Endian-ness is an issue that arises when we use more than one storage location for a value/type, which we do because somethings won't fit in a single storage location.
As soon as we use multiple storage locations for a single value that gives rise to the question of: What part of the value will we store in each storage location?
The first byte of a two-byte item will have a lower address than the second byte, and in particular, the address of the second byte will be at +1 from the address of the lower byte.
Storing a two-byte item in two bytes of storage, do we store the most significant byte first and the least significant byte second, or vice versa?
We choose to use directly consecutive bytes for the two bytes of the two-byte item, so no matter which (endian) way we choose to store such an item, we refer to the whole two-byte item by the lower address (the address of its first byte).
We can express these storage choices with a formula, here item[0] refer to the first byte while item[1] refers to the second byte.

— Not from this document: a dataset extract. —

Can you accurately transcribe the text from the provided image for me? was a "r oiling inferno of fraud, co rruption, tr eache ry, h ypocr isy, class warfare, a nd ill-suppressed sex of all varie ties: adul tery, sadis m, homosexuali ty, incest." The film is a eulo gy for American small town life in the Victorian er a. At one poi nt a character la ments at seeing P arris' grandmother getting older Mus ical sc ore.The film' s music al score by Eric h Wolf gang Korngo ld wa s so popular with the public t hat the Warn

item[0] = value >> 8 // also value / 256
item[1] = value & 0xFF // also value % 256
value = (item[0]<<8) | item[1] // also item[0]*256 | item[1]
--vs--
item[0] = value & 0xFF // also value % 256
item[1] = value >> 8 // also value / 256
value = item[0] | (item[1]<<8) // also item[0] | item[1]*256
The first set of formulas is for big endian, and the second for little endian.
By these formulas, it doesn't matter what order we access memory as to whether item[0] first, then item[1], or vice versa, or both at the same time (common in hardware), as long as the formulas for one endian are consistently used.

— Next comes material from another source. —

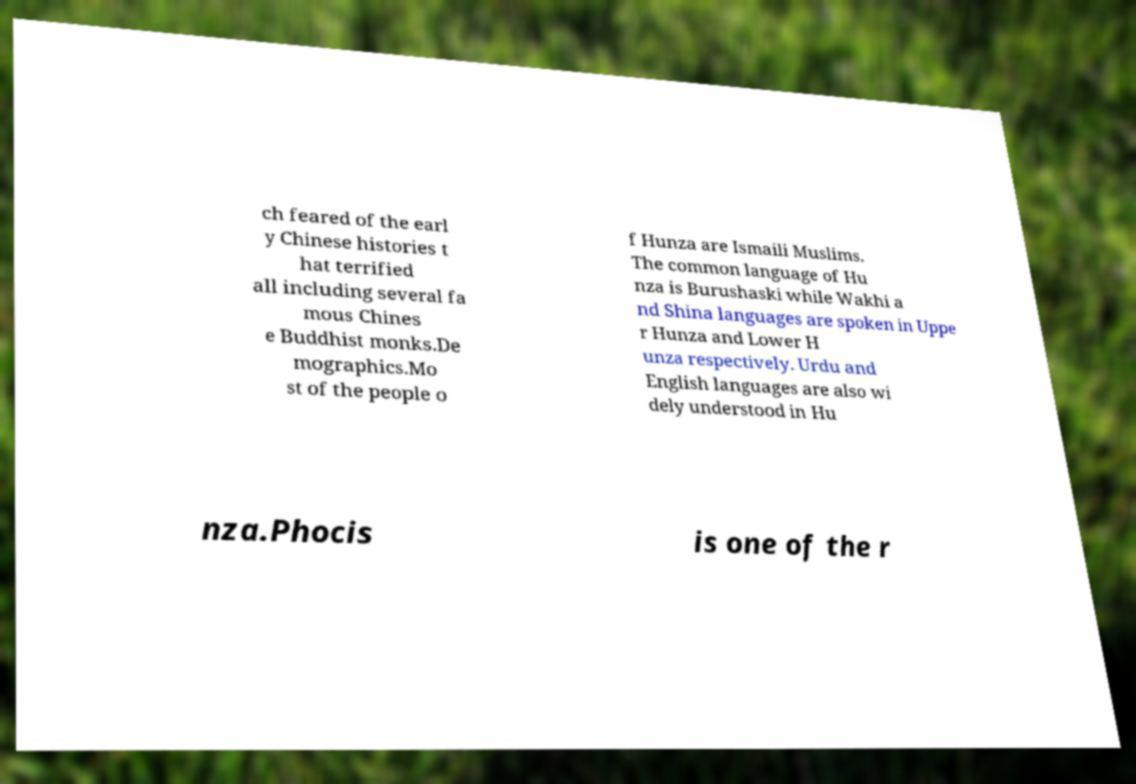What messages or text are displayed in this image? I need them in a readable, typed format. ch feared of the earl y Chinese histories t hat terrified all including several fa mous Chines e Buddhist monks.De mographics.Mo st of the people o f Hunza are Ismaili Muslims. The common language of Hu nza is Burushaski while Wakhi a nd Shina languages are spoken in Uppe r Hunza and Lower H unza respectively. Urdu and English languages are also wi dely understood in Hu nza.Phocis is one of the r

If the item in question is a four-byte value, then there are 4 possible orderings(!) — though only two of them are truly sensible.
For efficiency, the hardware offers us multibyte memory access in one instruction (and with one reference, namely to the lowest address of the multibyte item), and therefore, the hardware itself needs to define and consistently use one of the two possible/reasonable orderings.
If the hardware did not offer multibyte memory access, then the ordering would be entirely up to the software program itself to define (accessing memory one byte at a time), and the program could choose big or little endian, even differently for each variable, as long as it consistently accesses the multiple bytes of memory in the same manner to reassemble the values stored there.
In a similar manner, when we define a structure of multiple items (e.g. struct point { int x; int y; }, software chooses whether x comes first or y comes first in memory ordering. However, since programmers (and compilers) will still choose to use hardware instructions to access individual fields such as x in one go, the hardware's endian configuration remains necessary.